Increasing the grain zinc (Zn) concentration of staple food crops will help alleviate chronic Zn deficiency in many areas of the world. Significant variation in grain Zn concentration is often reported among collections of cereals, but frequently there is a concomitant variation in grain yield. In such cases grain Zn concentration and grain yield are often inversely related. Without considering the influence of the variation in grain yield on Zn concentration, the differences in grain Zn concentration may simply represent a yield dilution effect. Data from a series of field and glasshouse experiments was used to illustrate this effect and to describe an approach that will overcome the yield dilution effect.
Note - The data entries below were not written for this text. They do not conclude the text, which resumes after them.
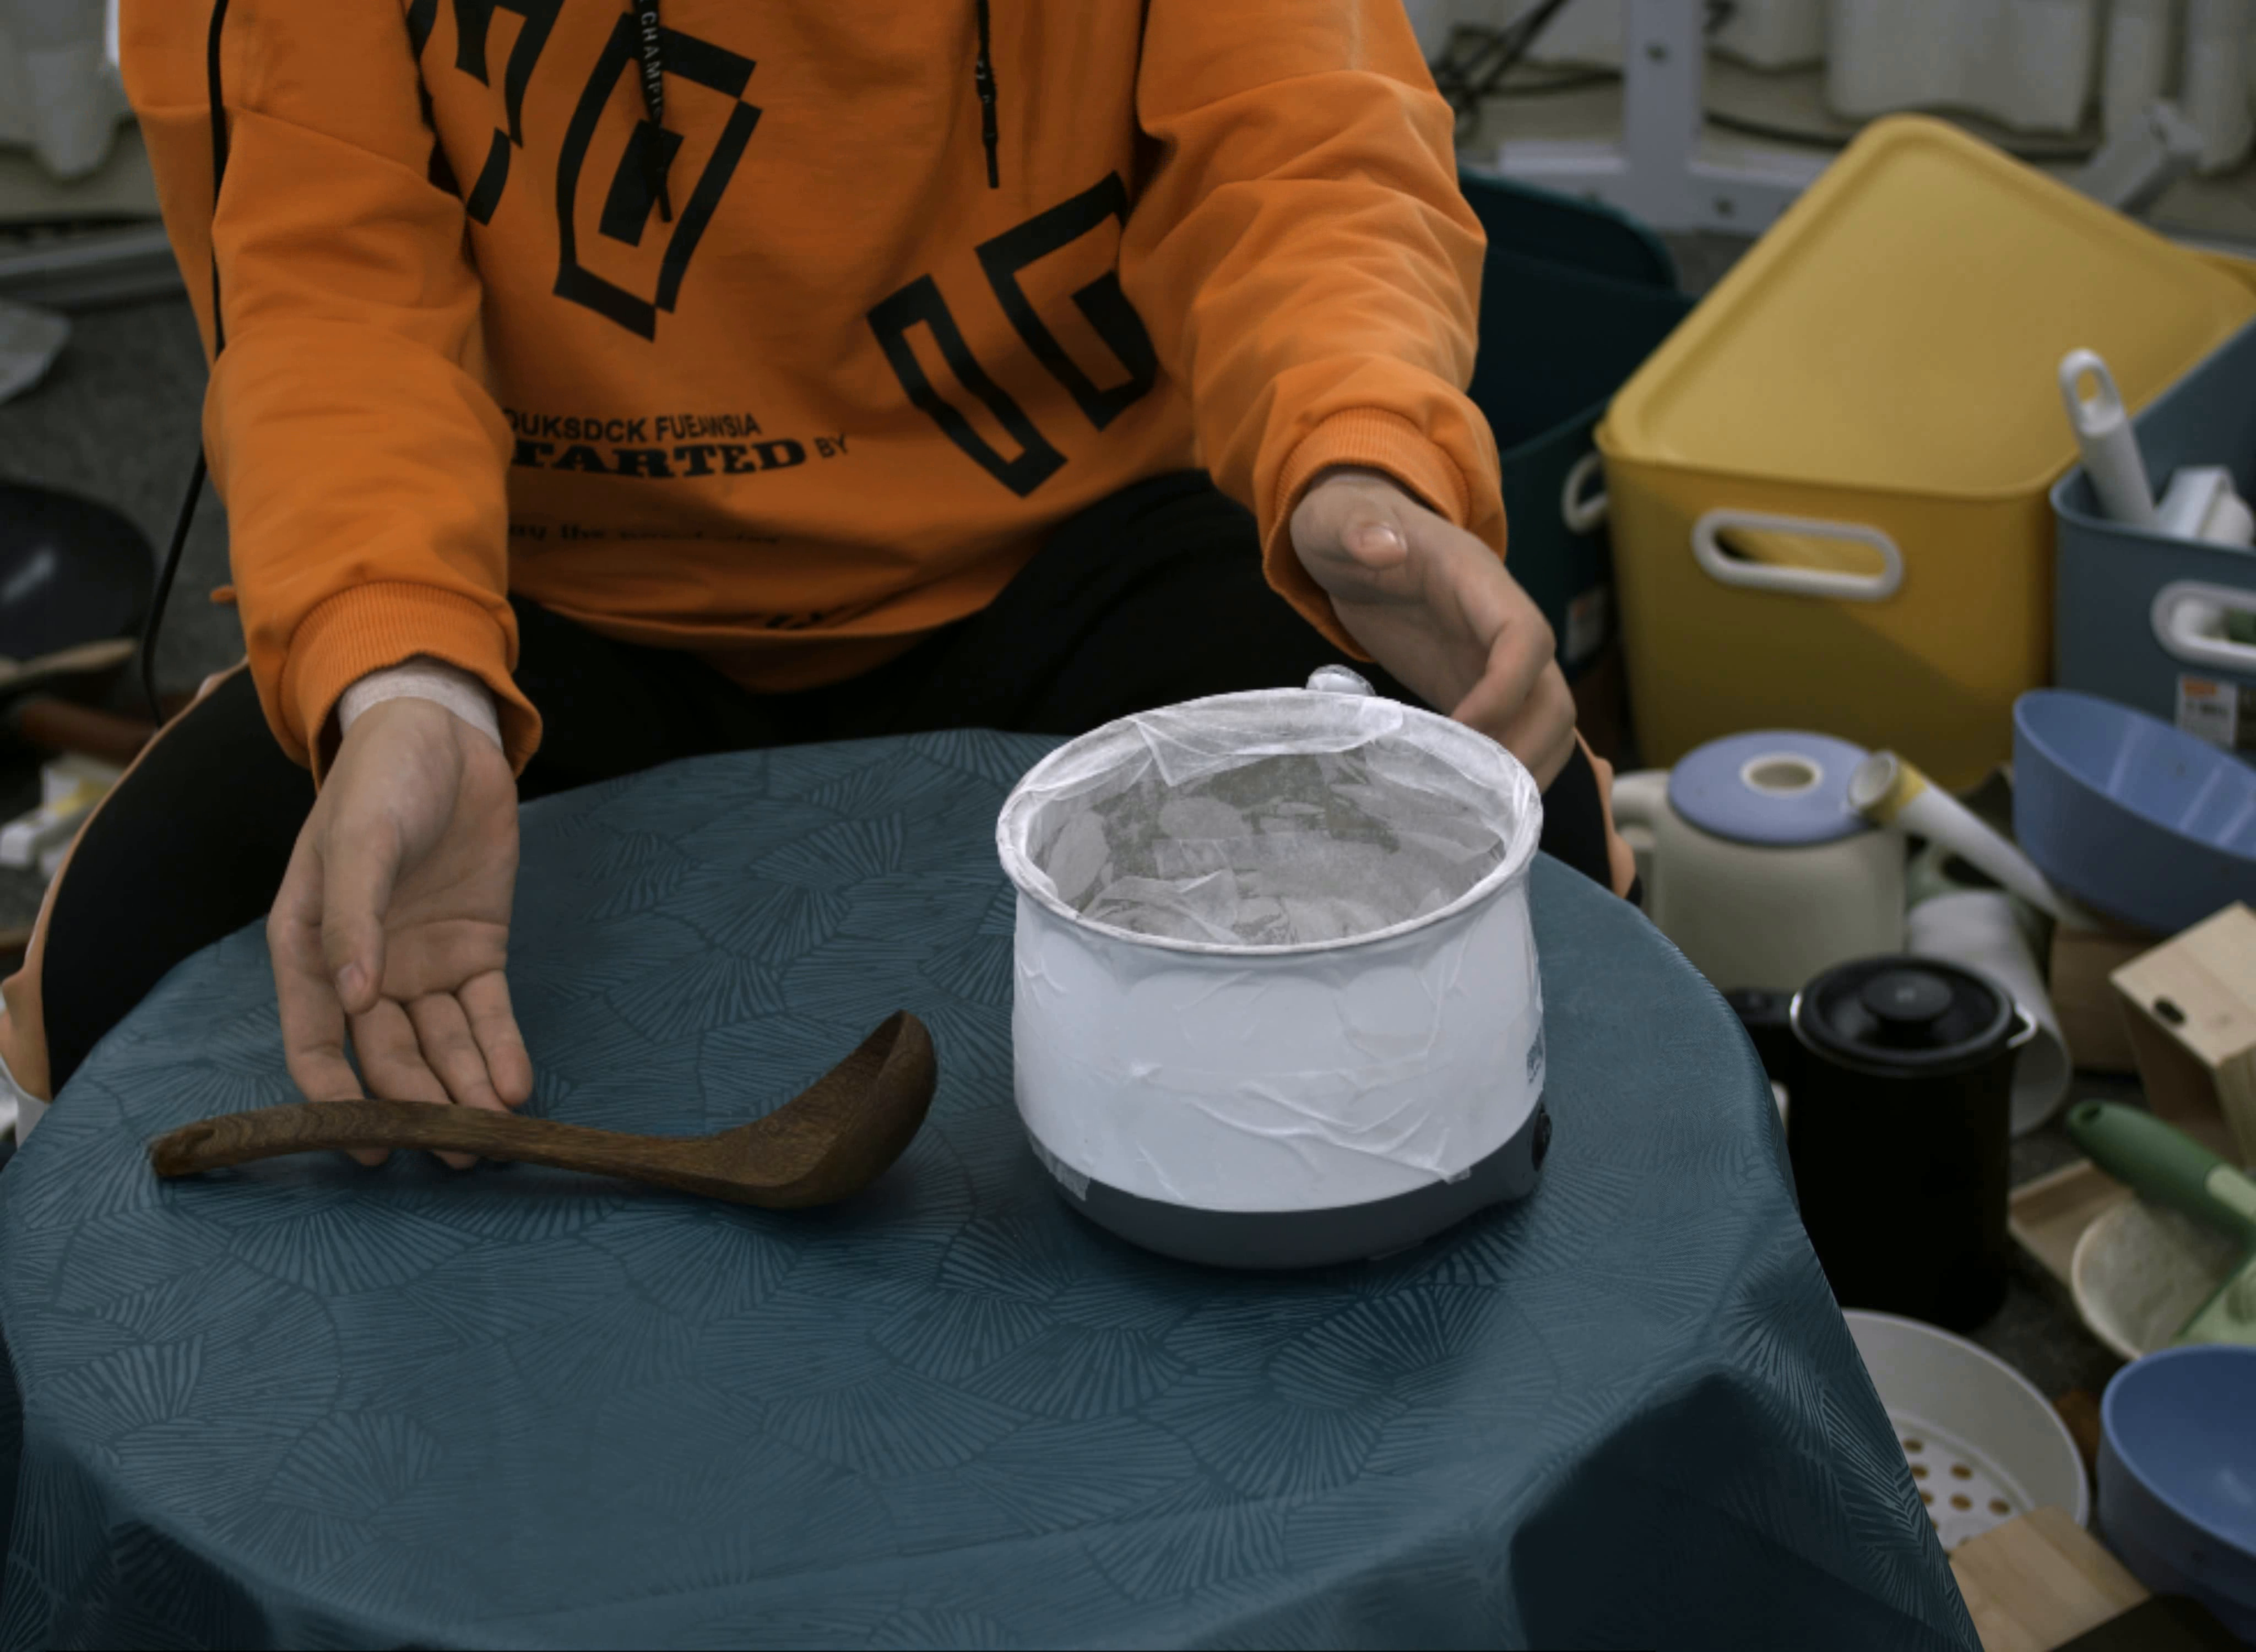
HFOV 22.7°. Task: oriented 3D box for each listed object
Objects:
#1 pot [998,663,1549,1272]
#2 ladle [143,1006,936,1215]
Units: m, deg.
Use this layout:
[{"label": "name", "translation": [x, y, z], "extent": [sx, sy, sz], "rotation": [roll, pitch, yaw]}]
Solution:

In experiments with a wide range of bread wheat, synthetic hexaploids and accessions of durum wheat, variation in grain yield among the genotypes accounted for 30–57% of the variation in grain Zn concentration. Variation in kernel weight also occurred, but was poorly correlated with grain Zn concentration. To account for the influence of variation in grain yield on grain Zn concentration grain Zn yield was plotted against grain yield. By defining the 95% confidence belt for the regression genotypes that have inherently low or high grain Zn concentrations at a given yield level can be identified. This method is illustrated using two data sets, one consisting of bread wheat and one comprising a collection of synthetic hexaploids.
Plant and Soil (2008) 306 (1-2) 49-55 [doi: 10.1007/s11104-008-9555-y]
A simple method to evaluate genetic variation in grain zinc concentration by correcting for differences in grain yield.